Two reviewers (VS and AL) independently extracted data from the included studies. Extracted data included 1) study characteristics - design, sites of study, dates of study, and type of randomisation 2) details of the study population and the interventions utilised, including demographics of participants in both intervention and control arms, presence of comorbidities and treatment received 3) primary outcome and follow up. The meta-analysis was registered in the PROSPERO database (CRD42022314579). The risk of bias was assessed for the domains suggested by the Cochrane collaboration, emphasizing sequence generation, allocation concealment, blinding, outcomes assessment, and selective reporting. Any divergence was resolved by consensus.
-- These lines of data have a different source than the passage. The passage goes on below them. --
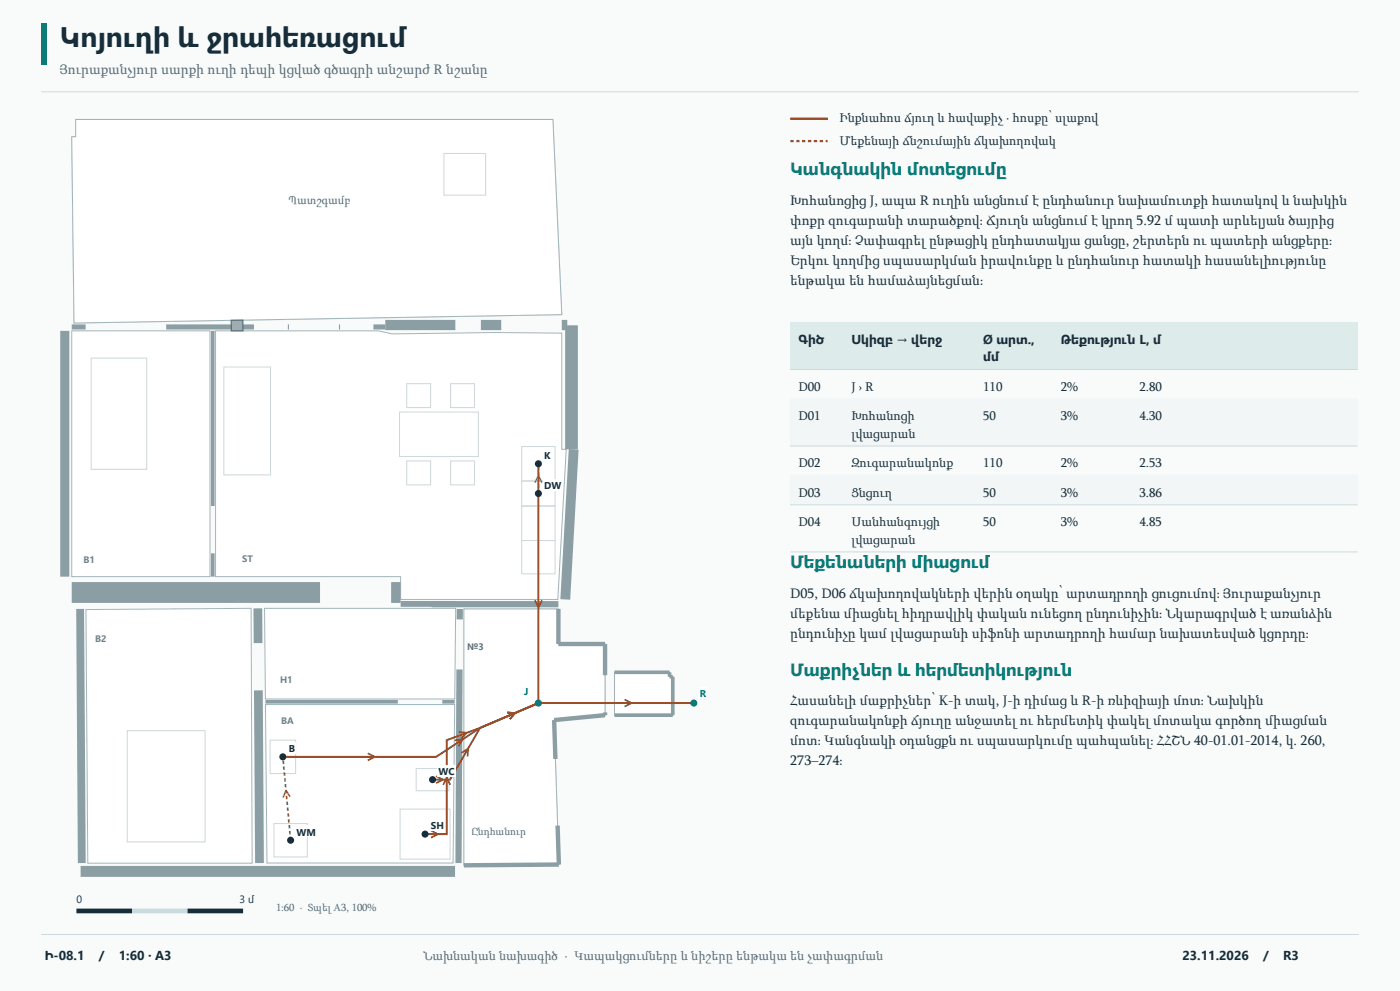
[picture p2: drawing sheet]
<svg xmlns="http://www.w3.org/2000/svg" width="420mm" height="297mm" viewBox="0 0 420 297" stroke-linecap="round" stroke-linejoin="round" font-family="sans-serif">
<defs><g id="words">
<text font-size="8.5" fill="#172d39" x="18" y="14.1">Կոյուղի և ջրահեռացում</text>
<g font-size="5.3" fill="#007c77">
<text x="237.1" y="52.5">Կանգնակին մոտեցումը</text>
<text x="237.1" y="170.4">Մեքենաների միացում</text>
<text x="237.1" y="202.5">Մաքրիչներ և հերմետիկություն</text>
</g>
<text font-size="4.2" fill="#536776" x="18" y="22.2">Յուրաքանչյուր սարքի ուղի դեպի կցված գծագրի անշարժ R նշանը</text>
<g font-size="4.2" fill="#172d39">
<text x="237.1" y="61.3">Խոհանոցից J, ապա R ուղին անցնում է ընդհանուր նախամուտքի հատակով և նախկին</text>
<text x="237.1" y="67.3">փոքր զուգարանի տարածքով։ Ճյուղն անցնում է կրող 5.92 մ պատի արևելյան ծայրից</text>
<text x="237.1" y="73.3">այն կողմ։ Չափագրել ընթացիկ ընդհատակյա ցանցը, շերտերն ու պատերի անցքերը։</text>
<text x="237.1" y="79.3">Երկու կողմից սպասարկման իրավունքը և ընդհանուր հատակի հասանելիությունը</text>
<text x="237.1" y="85.3">ենթակա են համաձայնեցման։</text>
<text x="237.1" y="179.2">D05, D06 ճկախողովակների վերին օղակը՝ արտադրողի ցուցումով։ Յուրաքանչյուր</text>
<text x="237.1" y="185.2">մեքենա միացնել հիդրավլիկ փական ունեցող ընդունիչին։ Նկարագրված է առանձին</text>
<text x="237.1" y="191.2">ընդունիչը կամ լվացարանի սիֆոնի արտադրողի համար նախատեսված կցորդը։</text>
<text x="237.1" y="211.3">Հասանելի մաքրիչներ՝ K-ի տակ, J-ի դիմաց և R-ի ռևիզիայի մոտ։ Նախկին</text>
<text x="237.1" y="217.3">զուգարանակոնքի ճյուղը անջատել ու հերմետիկ փակել մոտակա գործող միացման</text>
<text x="237.1" y="223.3">մոտ։ Կանգնակի օդանցքն ու սպասարկումը պահպանել։ ՀՀՇՆ 40-01.01-2014, կ. 260,</text>
<text x="237.1" y="229.3">273–274։</text>
</g>
<g font-size="3.9" fill="#172d39">
<text x="251.9" y="36.7">Ինքնահոս ճյուղ և հավաքիչ · հոսքը՝ սլաքով</text>
<text x="251.9" y="43.4">Մեքենայի ճնշումային ճկախողովակ</text>
<text x="239.5" y="103">Գիծ</text>
<text x="255.4" y="103">Սկիզբ → վերջ</text>
<text x="294.9" y="103">Ø արտ.,</text>
<text x="318.2" y="103">Թեքություն L, մ</text>
<text x="294.9" y="108.3">մմ</text>
<text x="239.5" y="117.1">D00</text>
<text x="255.4" y="117.1">J › R</text>
<text x="294.9" y="117.1">110</text>
<text x="318.2" y="117.1">2%</text>
<text x="341.8" y="117.1">2.80</text>
<text x="239.5" y="125.9">D01</text>
<text x="255.4" y="125.9">Խոհանոցի</text>
<text x="294.9" y="125.9">50</text>
<text x="318.2" y="125.9">3%</text>
<text x="341.8" y="125.9">4.30</text>
<text x="255.4" y="131.2">լվացարան</text>
<text x="239.5" y="140">D02</text>
<text x="255.4" y="140">Զուգարանակոնք</text>
<text x="294.9" y="140">110</text>
<text x="318.2" y="140">2%</text>
<text x="341.8" y="140">2.53</text>
<text x="239.5" y="148.8">D03</text>
<text x="255.4" y="148.8">Ցնցուղ</text>
<text x="294.9" y="148.8">50</text>
<text x="318.2" y="148.8">3%</text>
<text x="341.8" y="148.8">3.86</text>
<text x="239.5" y="157.7">D04</text>
<text x="255.4" y="157.7">Սանհանգույցի</text>
<text x="294.9" y="157.7">50</text>
<text x="318.2" y="157.7">3%</text>
<text x="341.8" y="157.7">4.85</text>
<text x="255.4" y="162.9">լվացարան</text>
<text x="13.4" y="287.8">Ի-08.1</text>
<text x="29.6" y="287.8">/</text>
<text x="35.6" y="287.8">1:60 · A3</text>
<text x="354.7" y="287.8">23.11.2026</text>
<text x="379" y="287.8">/</text>
<text x="384.9" y="287.8">R3</text>
</g>
<text font-size="3.9" fill="#536776" x="127" y="287.8">Նախնական նախագիծ · Կապակցումները և նիշերը ենթակա են չափագրման</text>
<text font-size="3.5" fill="#536776" x="86.5" y="61.2">Պատշգամբ</text>
<g font-size="3.2" fill="#536776">
<text x="141.5" y="250.3">Ընդհանուր</text>
<text x="82.8" y="273">1:60 · Տպել A3, 100%</text>
</g>
<g font-size="3.2" fill="#172d39">
<text x="22.9" y="270.5">0</text>
<text x="71.9" y="270.5">3 մ</text>
</g>
<g font-size="3" fill="#172d39">
<text x="163.3" y="137.6">K</text>
<text x="163.3" y="146.5">DW</text>
<text x="86.6" y="225.4">B</text>
<text x="131.5" y="232.2">WC</text>
<text x="88.9" y="250.4">WM</text>
<text x="129.3" y="248.6">SH</text>
</g>
<g font-size="3" fill="#007c77">
<text x="157.3" y="208.2">J</text>
<text x="209.9" y="208.9">R</text>
</g>
<g font-size="2.8" fill="#738785">
<text x="25" y="168.7">B1</text>
<text x="72.7" y="168.3">ST</text>
<text x="28.5" y="192.5">B2</text>
<text x="84" y="204.8">H1</text>
<text x="84.4" y="217">BA</text>
</g>
<text font-size="2.8" fill="#627a78" x="140.2" y="194.7">№3</text>
</g></defs>
<path d="M0 0h420v297h-420z" fill-rule="evenodd" fill="#f9fbfb"/>
<path d="M12.3 7.1h1.8v12.3h-1.8z" fill-rule="evenodd" fill="#007c77"/>
<path d="M12.3 27.5h395.4M12.3 280.1h395.4" fill="none" stroke="#cbdade" stroke-width=".3"/>
<g fill="#f1f4f4" stroke="#cbdade" stroke-width=".35">
<path d="M139.2 182.5h28.3v10.5h14v21.3l-15.3 1.5 1.5 43.3-28.5 .2z" fill-rule="evenodd"/>
<path d="M184.4 201.5h16.5v1.3h.9v11.5h-17.4z" fill-rule="evenodd"/>
<path d="M22.7 35.8h143.2l2.6 58.5-146.3 2.5-.7-55.8h1.2z" fill-rule="evenodd"/>
</g>
<g fill="#fff" stroke="#a3b5ba" stroke-width=".3">
<path d="M21.5 99.2h41.5v73.6h-41.5z" fill-rule="evenodd"/>
<path d="M64.7 99.2h48.8l4.1 .9 30.9-.4 20 .1v34.9h1.4l-2.6 45h-47.1v-6.9h-55.5z" fill-rule="evenodd"/>
<path d="M25.8 182.7l49.5-.4 .3 76.4h-49.3z" fill-rule="evenodd"/>
<path d="M79.4 182.3h57.3l-.3 27.2h-56.8z" fill-rule="evenodd"/>
<path d="M79.6 211.2h56.8l-.5 47.4h-55.8z" fill-rule="evenodd"/>
<path d="M22.7 35.8h143.2l2.6 58.5-146.3 2.5-.7-55.8h1.2z" fill-rule="evenodd"/>
<path d="M139.2 182.5h28.3v10.5h14v21.3l-15.3 1.5 1.5 43.3-28.5 .2z" fill-rule="evenodd"/>
<path d="M184.4 201.5h16.5v1.3h.9v11.5h-17.4z" fill-rule="evenodd"/>
</g>
<path d="M21.5 177.6h74.5M117.3 177.6h2.9" fill="none" stroke="#8b9ea4" stroke-width="6.2" stroke-linecap="butt"/>
<path d="M19.4 99.2v73.6" fill="none" stroke="#8b9ea4" stroke-width="2.7" stroke-linecap="butt"/>
<path d="M21.5 98h4.2M49.9 98h26.3M86.4 98h.3M101.7 98h.3M112 98h3.6" fill="none" stroke="#8b9ea4" stroke-width="1.5" stroke-linecap="butt"/>
<path d="M115.6 97.4h21M144.3 97.4h6.1M168.5 97.4h1.7" fill="none" stroke="#8b9ea4" stroke-width="3.1" stroke-linecap="butt"/>
<path d="M172.1 134.7l-2.5 45" fill="none" stroke="#8b9ea4" stroke-width="3" stroke-linecap="butt"/>
<path d="M171.5 97.5v37.2" fill="none" stroke="#8b9ea4" stroke-width="3.8" stroke-linecap="butt"/>
<path d="M129.5 181.1h38M137.9 182.5v3.1M137.8 200.6l-.2 58.1" fill="none" stroke="#8b9ea4" stroke-width="1.9" stroke-linecap="butt"/>
<path d="M24.2 261.2h112.3" fill="none" stroke="#8b9ea4" stroke-width="3.3" stroke-linecap="butt"/>
<path d="M24 182.5l.5 76.2" fill="none" stroke="#8b9ea4" stroke-width="2.4" stroke-linecap="butt"/>
<path d="M77.4 182.3v10.4M77.5 206.9l.4 51.8" fill="none" stroke="#8b9ea4" stroke-width="2.6" stroke-linecap="butt"/>
<path d="M120.2 181h16.5" fill="none" stroke="#8b9ea4" stroke-width="1.7" stroke-linecap="butt"/>
<path d="M167.5 182.5v10.5h14v9.4M181.5 213.5v.8l-15.3 1.5 .4 11.7M167.3 247.4l.4 11.7-28.5 .2" fill="none" stroke="#8b9ea4" stroke-width="1.3" stroke-linecap="butt"/>
<path d="M63.8 99.2v52.5M63.8 165.8v7M79.6 210.3h39.8M132.7 210.3h3.7M184.4 201.5h16.5v1.3h.9v11.5h-17.4" fill="none" stroke="#8b9ea4" stroke-width="1.1" stroke-linecap="butt"/>
<g fill="none" stroke="#cdd8d8" stroke-width=".3">
<path d="M133.2 46h12.5v12.5h-12.5zM27.4 107.3h16.6v33.4h-16.6zM67.2 110h14v32.3h-14zM122 115h7.2v7.2h-7.2zM135.2 115h7.2v7.2h-7.2zM119.9 123.5h23.6v13.3h-23.6zM122 138.2h7.2v7.1h-7.2zM135.2 138.2h7.2v7.1h-7.2zM156.5 133.8h10v10.4h-10zM156.5 151.7h10v10.3h-10zM156.5 144.2h10v7.5h-10zM156.5 162h10v10h-10z"/>
<path d="M38.2 219h23.3v33.3h-23.3zM81 221.8h7.7v10h-7.7zM124.9 230.3h9.8v6.7h-9.8zM82.2 246.8h10v10h-10zM120 242.5h15v15h-15z"/>
</g>
<path d="M69.4 96l3.4-.1 .1 3.3h-3.5z" fill-rule="evenodd" fill="#9bafb0" stroke="#546f77" stroke-width=".35"/>
<path d="M22.9 273h16.7M56.3 273h16.6" fill="none" stroke="#172d39" stroke-width="1.4" stroke-linecap="butt"/>
<path d="M39.6 273h16.7" fill="none" stroke="#cbdade" stroke-width="1.4" stroke-linecap="butt"/>
<path d="M161.5 139v71.7M161.5 210.7l-17.5 7.5-9 15.5h-5.2M161.5 210.7l-17.5 7.5-10 3.6v28.2h-6.5M161.5 210.7l-17.5 7.5-13.1 8.6h-46M161.5 210.7h46.6" fill="none" stroke="#9a4c24" stroke-width=".56"/>
<path d="M160.5 179.9l1 2.1 1.1-2.1M137.7 219.4l2.3 .2-1.6 1.7M152.2 213.5l2.3 .2-1.5 1.8M187.4 209.7l2.1 1-2.1 1.1M110.3 225.8l2.2 1-2.2 1.1M130.8 232.6l2.1 1.1-2.1 1M133 235.2l1-2.1 1.1 2.1M136.4 221.9l2.4-.3-1.2 2.1M138.4 225.7l2-1.3-.1 2.3M129.3 248.9l2.1 1.1-2.1 1" fill="none" stroke="#9a4c24" stroke-width=".49"/>
<path d="M161.5 147.9v-8.9M87.2 251.8l-2.3-25" fill="none" stroke="#c68b48" stroke-width=".56" stroke-dasharray="1.1 .7" stroke-linecap="butt"/>
<path d="M160.5 144.7l1-2.1 1.1 2.1M87 238.8l-1.2-2-.9 2.2" fill="none" stroke="#c68b48" stroke-width=".49"/>
<g fill="#9a4c24">
<circle cx="208.1" cy="210.7" r=".92"/>
<circle cx="161.5" cy="210.7" r=".92"/>
</g>
<circle cx="129.8" cy="233.7" r="1.06" fill="#172d39"/>
<path d="M131.2 229.2h5.5v3.6h-5.5z" fill-rule="evenodd" fill="#fff"/>
<circle cx="127.5" cy="250" r="1.06" fill="#172d39"/>
<path d="M128.9 245.6h4.7v3.5h-4.7z" fill-rule="evenodd" fill="#fff"/>
<circle cx="84.9" cy="226.8" r="1.06" fill="#172d39"/>
<path d="M86.3 222.4h2.6v3.5h-2.6z" fill-rule="evenodd" fill="#fff"/>
<circle cx="161.5" cy="139" r="1.06" fill="#172d39"/>
<path d="M162.9 134.6h2.7v3.5h-2.7z" fill-rule="evenodd" fill="#fff"/>
<circle cx="161.5" cy="147.9" r="1.06" fill="#172d39"/>
<path d="M162.9 143.5h5.9v3.5h-5.9z" fill-rule="evenodd" fill="#fff"/>
<circle cx="87.2" cy="251.8" r="1.06" fill="#172d39"/>
<path d="M88.6 247.4h6.5v3.5h-6.5z" fill-rule="evenodd" fill="#fff"/>
<circle cx="161.5" cy="210.7" r="1.06" fill="#007c77"/>
<path d="M156.9 205.2h2.1v3.6h-2.1z" fill-rule="evenodd" fill="#fff"/>
<circle cx="208.1" cy="210.7" r="1.06" fill="#007c77"/>
<path d="M209.6 205.9h2.6v3.6h-2.6z" fill-rule="evenodd" fill="#fff"/>
<path d="M237.1 35.6h11.3" fill="none" stroke="#9a4c24" stroke-width=".71" stroke-linecap="butt"/>
<path d="M237.1 42.3h11.3" fill="none" stroke="#c68b48" stroke-width=".71" stroke-dasharray="1.1 .7" stroke-linecap="butt"/>
<path d="M237.1 96.6h170.2v14.1h-170.2z" fill-rule="evenodd" fill="#ddebea"/>
<path d="M237.1 110.7h170.2M237.1 119.6h170.2" fill="none" stroke="#cbdade" stroke-width=".3"/>
<path d="M237.1 119.6h170.2v14.1h-170.2z" fill-rule="evenodd" fill="#f2f6f7"/>
<path d="M237.1 133.7h170.2M237.1 142.5h170.2" fill="none" stroke="#cbdade" stroke-width=".3"/>
<path d="M237.1 142.5h170.2v8.8h-170.2z" fill-rule="evenodd" fill="#f2f6f7"/>
<path d="M237.1 151.3h170.2M237.1 165.4h170.2" fill="none" stroke="#cbdade" stroke-width=".3"/>
<use href="#words"/>
</svg>

Data synthesis and statistical analysis

Statistical analysis was performed as per recommendations from the Cochrane collaboration and the Preferred Reporting Items for Systematic reviews and Meta-analyses (PRISMA) guidelines., The Mantel-Haenszel method was used to calculate aggregated odds ratios (ORs) with corresponding 95% confidence intervals (CIs). A p value of 0.05 or less was considered to be statistically significant. Heterogeneity was assessed using Higgins and Thompson's I2 statistic, which assesses unexplained statistical heterogeneity among studies. I2 is the proportion of total variation observed between the trials attributable to differences between trials rather than sampling error, with I2 values of 75%, corresponding to low, moderate, and high levels of heterogeneity. The meta-analysis was performed with a random-effects model. Statistical analysis was performed using Review Manager, version 5. Different RCTs reported medians and means for hospitalisation duration and recovery time. To standardise this, they were converted to the mathematically implied means based on an exponential distribution, as is often assumed for time to event data.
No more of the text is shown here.